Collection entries
———
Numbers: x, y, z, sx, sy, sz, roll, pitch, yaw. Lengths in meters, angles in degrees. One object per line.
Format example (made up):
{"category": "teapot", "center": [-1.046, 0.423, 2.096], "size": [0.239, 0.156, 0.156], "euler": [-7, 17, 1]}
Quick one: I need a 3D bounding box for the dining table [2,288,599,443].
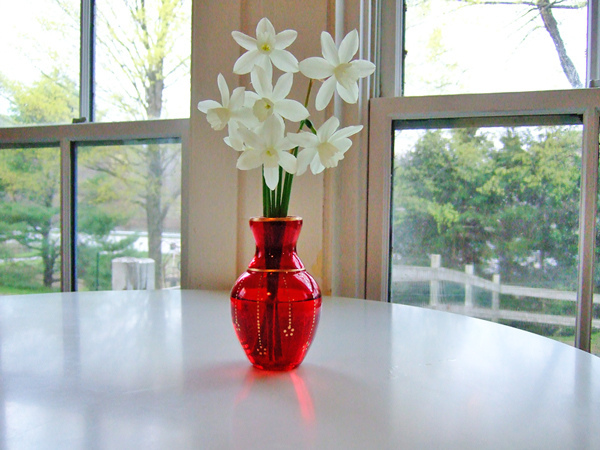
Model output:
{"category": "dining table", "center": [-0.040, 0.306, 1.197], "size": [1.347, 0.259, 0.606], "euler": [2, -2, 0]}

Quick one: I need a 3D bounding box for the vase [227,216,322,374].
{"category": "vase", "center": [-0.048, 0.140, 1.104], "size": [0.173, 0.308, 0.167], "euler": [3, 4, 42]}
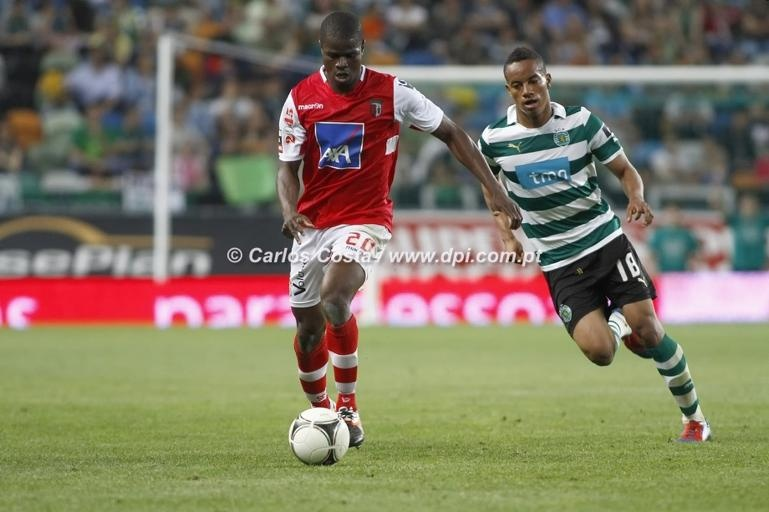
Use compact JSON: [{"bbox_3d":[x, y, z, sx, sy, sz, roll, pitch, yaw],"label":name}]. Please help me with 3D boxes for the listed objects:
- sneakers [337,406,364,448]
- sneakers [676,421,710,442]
———
■ **TASK REQUIREMENTS**: Within the entries above, find the string "roll" and return each line that holds it.

■ **OUTPUT OF THE EXERCISE**:
Numbers: x, y, z, sx, sy, sz, roll, pitch, yaw. Lengths in meters, angles in degrees. One object per line.
Use compact JSON: [{"bbox_3d":[x, y, z, sx, sy, sz, roll, pitch, yaw],"label":name}]. Please help me with 3D boxes for the listed objects:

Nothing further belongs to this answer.